■ **DATA FOR THE TASK**:
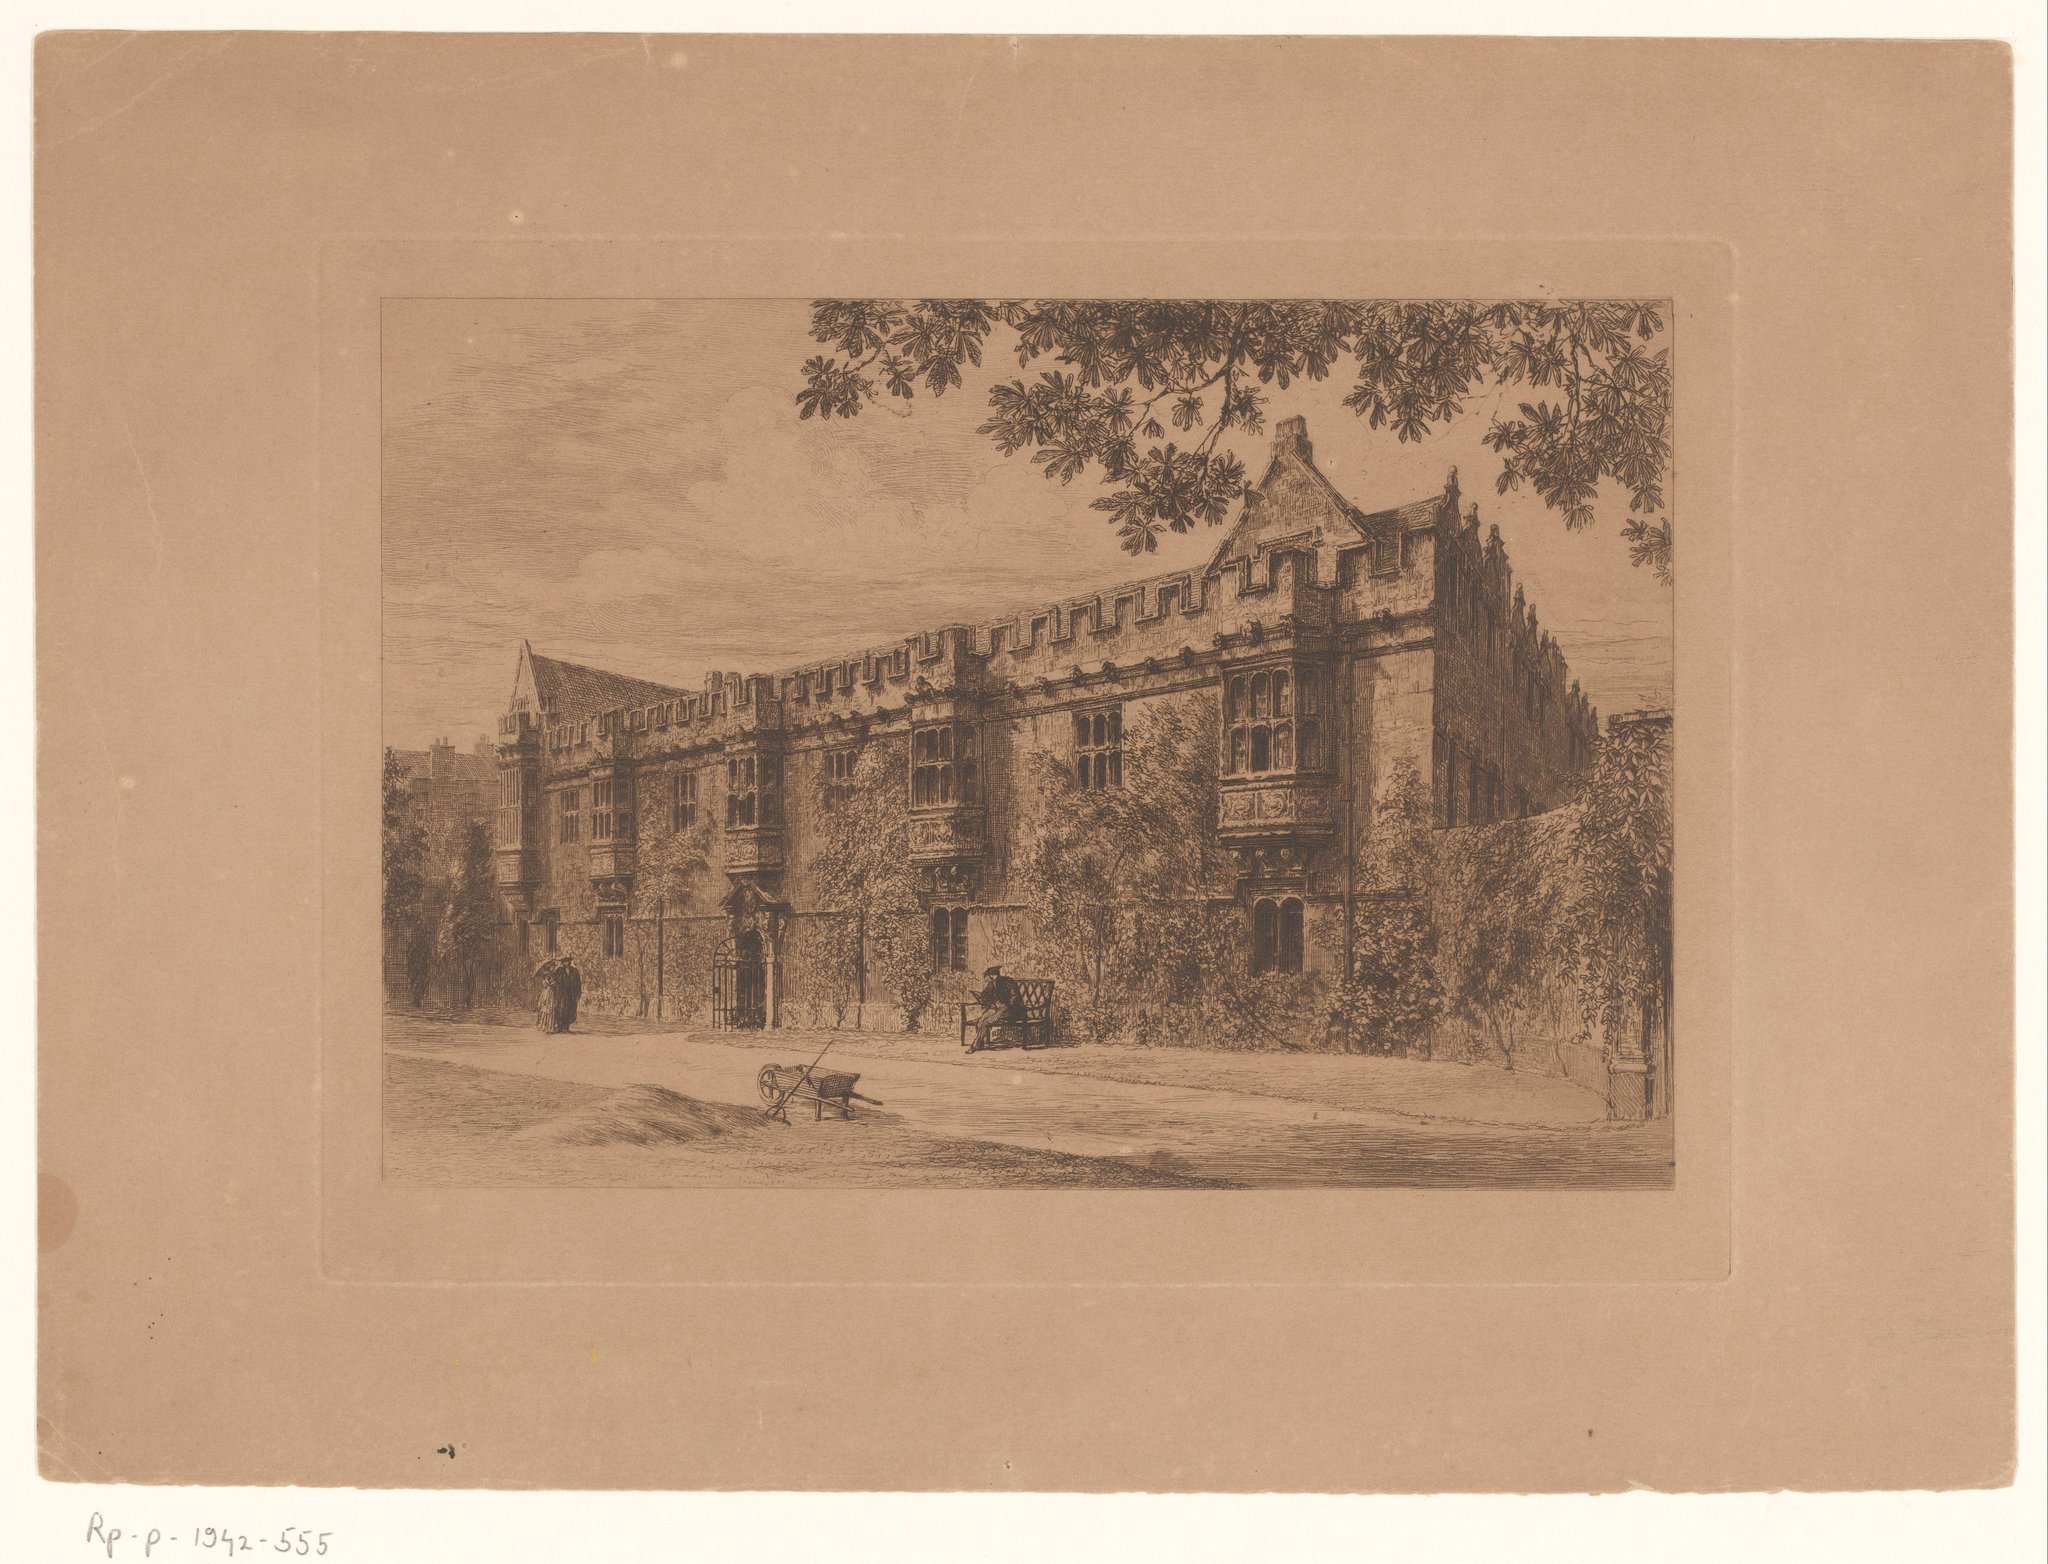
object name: print
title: Gezicht op St. John's College, te Oxford
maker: Anonymous
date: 1750-1849
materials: paper
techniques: etching
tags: university building, college
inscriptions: collector's mark: Lugt 2228
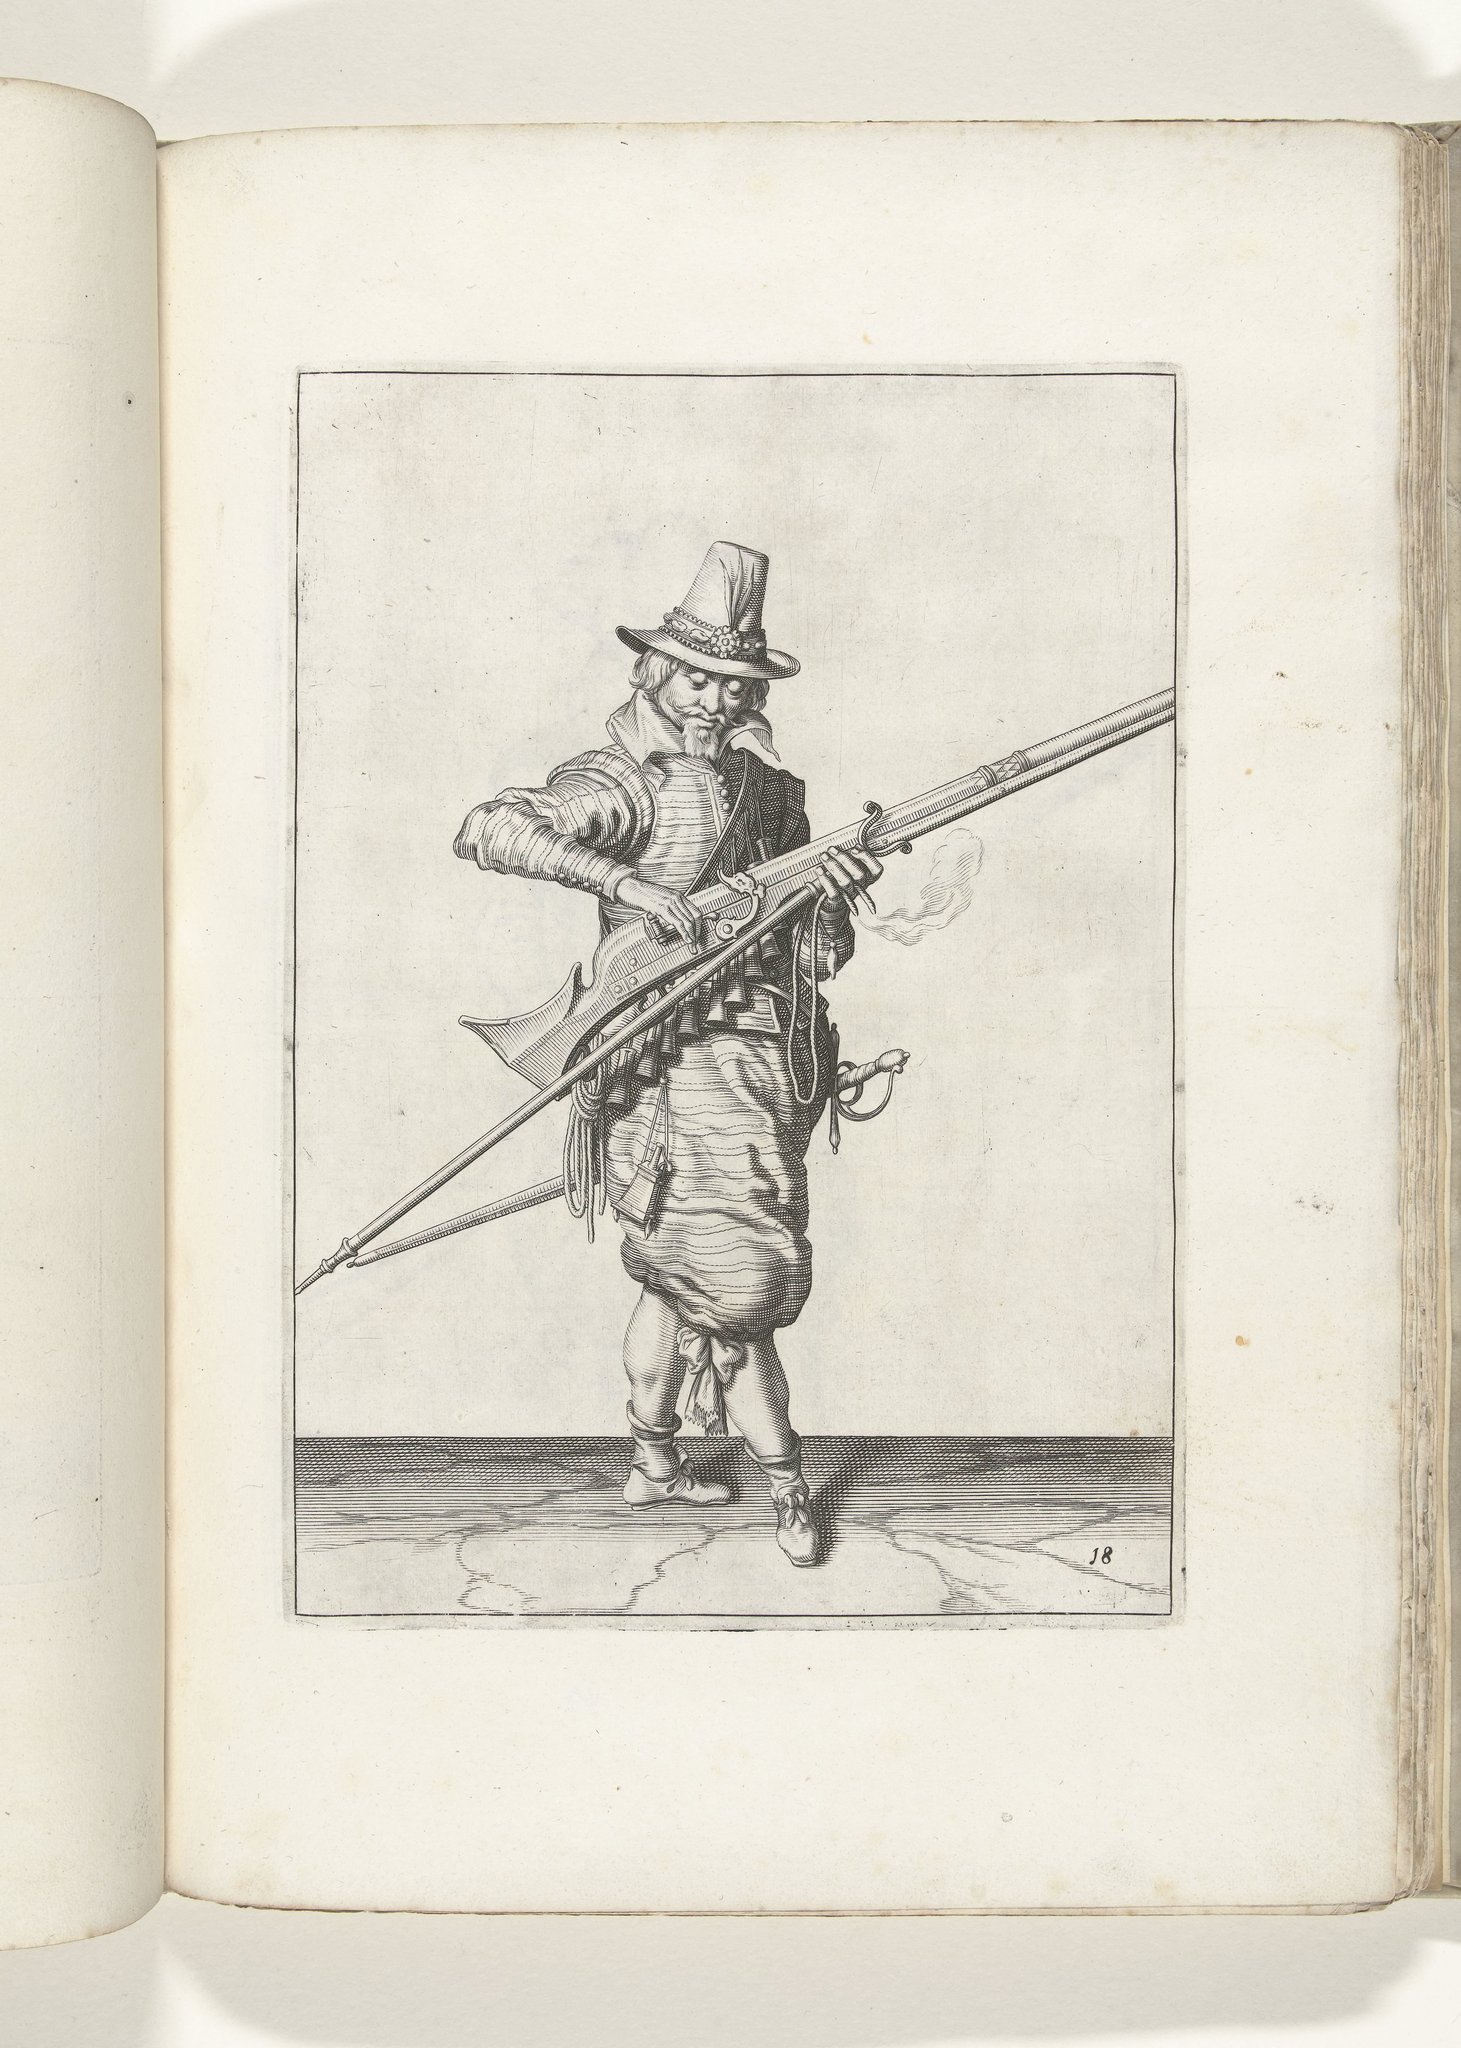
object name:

■ **HOW TO COMPLETE THIS TASK**: Repeat the records above exactly, leaving out the pictures.

■ **WRITTEN REPLY**:
object name: print
title: Gezicht op St. John's College, te Oxford
maker: Anonymous
date: 1750-1849
materials: paper
techniques: etching
tags: university building, college
inscriptions: collector's mark: Lugt 2228
object name:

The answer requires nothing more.